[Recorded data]
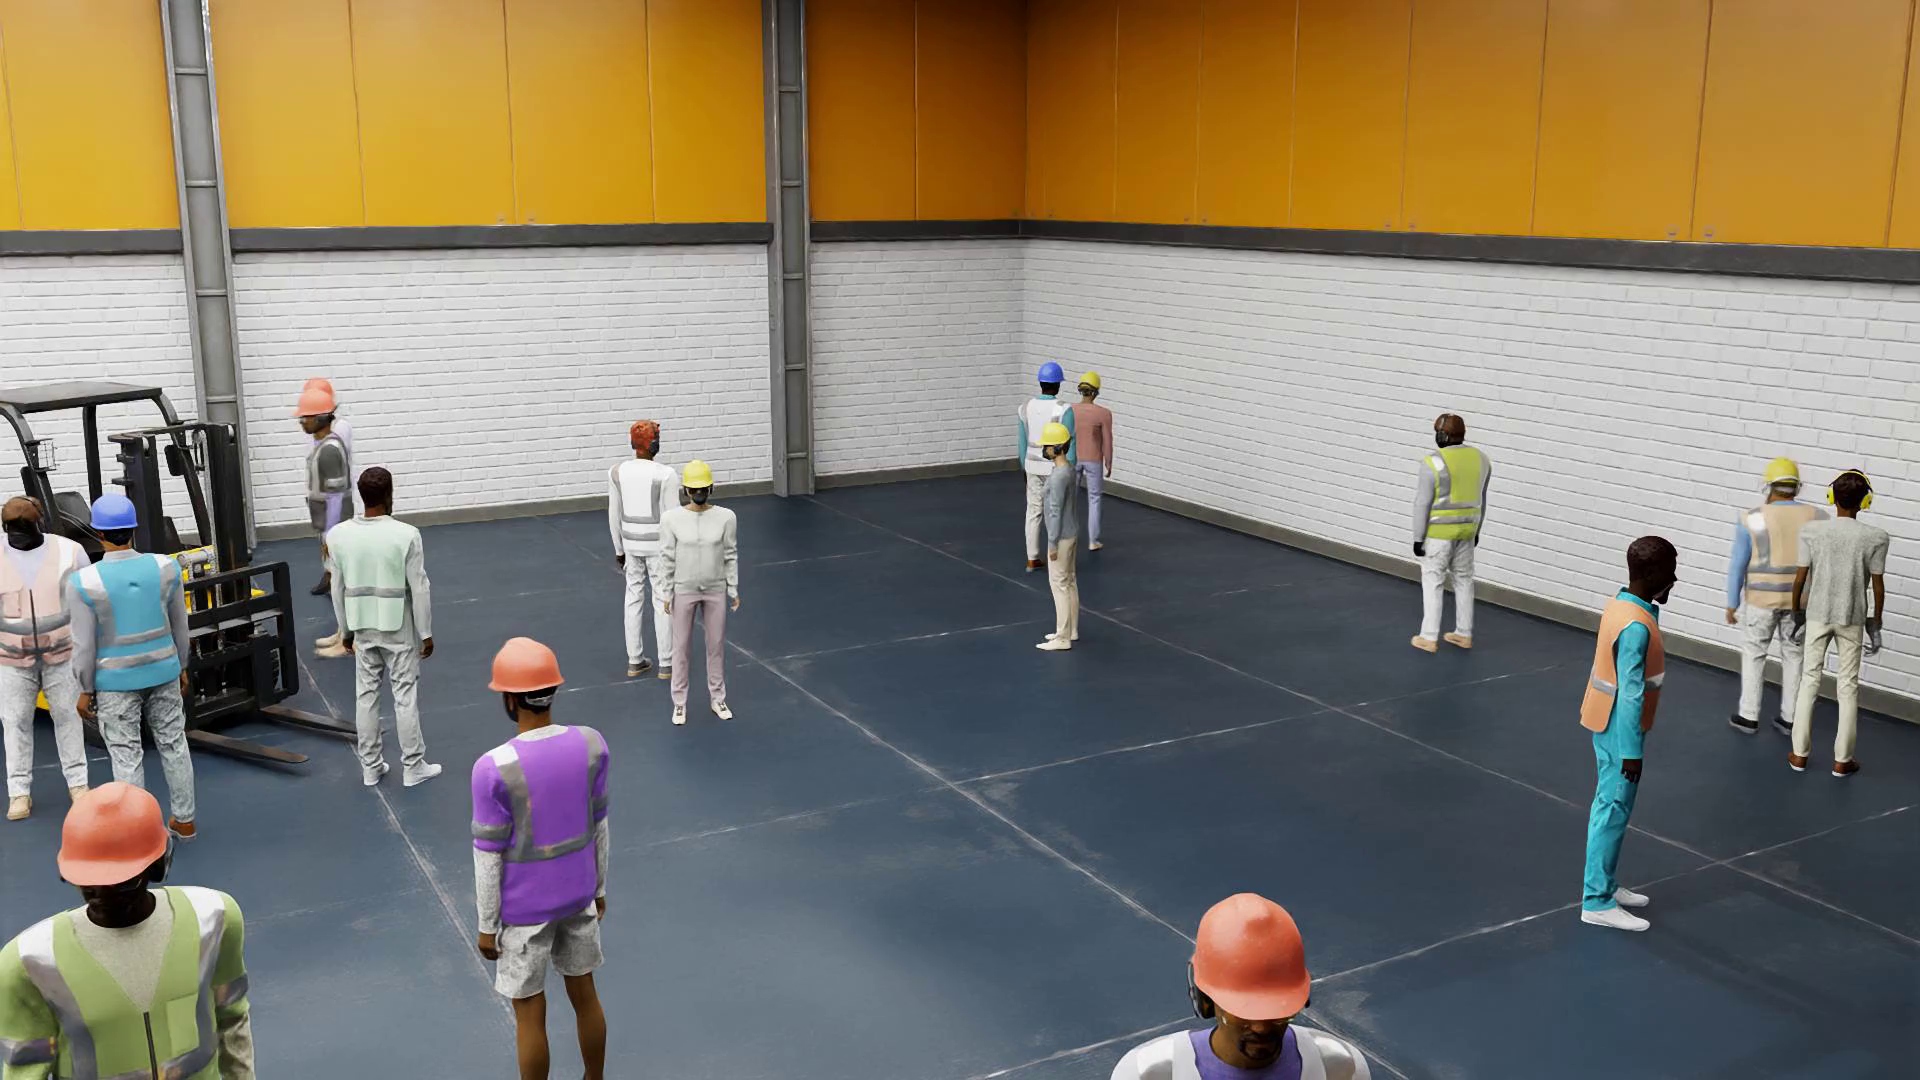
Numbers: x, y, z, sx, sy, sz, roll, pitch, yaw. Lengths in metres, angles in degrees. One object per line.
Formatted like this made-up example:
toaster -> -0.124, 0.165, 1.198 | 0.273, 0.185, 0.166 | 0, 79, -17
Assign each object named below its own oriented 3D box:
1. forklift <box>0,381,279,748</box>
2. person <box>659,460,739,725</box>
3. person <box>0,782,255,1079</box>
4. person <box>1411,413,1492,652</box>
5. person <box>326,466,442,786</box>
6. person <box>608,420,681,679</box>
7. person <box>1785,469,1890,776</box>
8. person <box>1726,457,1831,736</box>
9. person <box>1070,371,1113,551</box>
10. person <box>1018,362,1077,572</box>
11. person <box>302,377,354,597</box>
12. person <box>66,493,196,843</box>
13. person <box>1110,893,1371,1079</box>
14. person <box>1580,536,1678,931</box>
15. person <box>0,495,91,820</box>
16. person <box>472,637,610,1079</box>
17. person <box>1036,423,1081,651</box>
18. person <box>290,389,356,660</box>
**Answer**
forklift -> -5.853, 0.085, 11.199 | 2.313, 2.155, 1.214 | 7, 14, 28
person -> -1.718, 0.342, 11.003 | 0.523, 1.769, 0.321 | -4, 13, -18
person -> -2.158, 1.608, 4.423 | 0.614, 2.039, 0.383 | -10, 16, -40
person -> 3.725, -0.055, 12.719 | 0.639, 1.831, 0.429 | -4, 13, -19
person -> -3.403, 0.519, 9.817 | 0.591, 1.919, 0.392 | 1, 12, 6
person -> -2.240, 0.070, 12.005 | 0.582, 1.882, 0.351 | 4, 13, 19
person -> 5.284, 0.497, 10.036 | 0.530, 1.871, 0.323 | 7, 14, 31
person -> 5.265, 0.370, 10.768 | 0.611, 1.808, 0.441 | 2, 12, 8
person -> 1.237, -0.767, 16.237 | 0.533, 1.754, 0.341 | 4, 13, 20
person -> 0.812, -0.652, 15.234 | 0.602, 1.949, 0.391 | 9, 15, 35
person -> -5.473, -0.457, 14.374 | 0.585, 1.923, 0.411 | 9, 15, 36
person -> -4.381, 0.716, 8.822 | 0.394, 1.949, 0.602 | 11, 16, 41
person -> 0.625, 1.753, 3.739 | 0.609, 2.043, 0.376 | -2, 12, -11
person -> 3.188, 0.913, 8.000 | 0.397, 1.911, 0.587 | 4, 13, 18
person -> -5.210, 0.649, 9.406 | 0.624, 1.838, 0.430 | -7, 14, -29
person -> -1.543, 1.302, 6.127 | 0.388, 1.930, 0.544 | 11, 16, 43
person -> 0.747, -0.027, 12.764 | 0.339, 1.760, 0.528 | 3, 12, 15
person -> -4.766, -0.121, 12.526 | 0.399, 2.041, 0.647 | -5, 13, -21

▸ **What you are asked to do**
Lines above that contain the string "object" make up the answer.

▸ **Written answer**
Numbers: x, y, z, sx, sy, sz, roll, pitch, yaw. Lengths in metres, angles in degrees. One object per line.
Assign each object named below its own oriented 3D box:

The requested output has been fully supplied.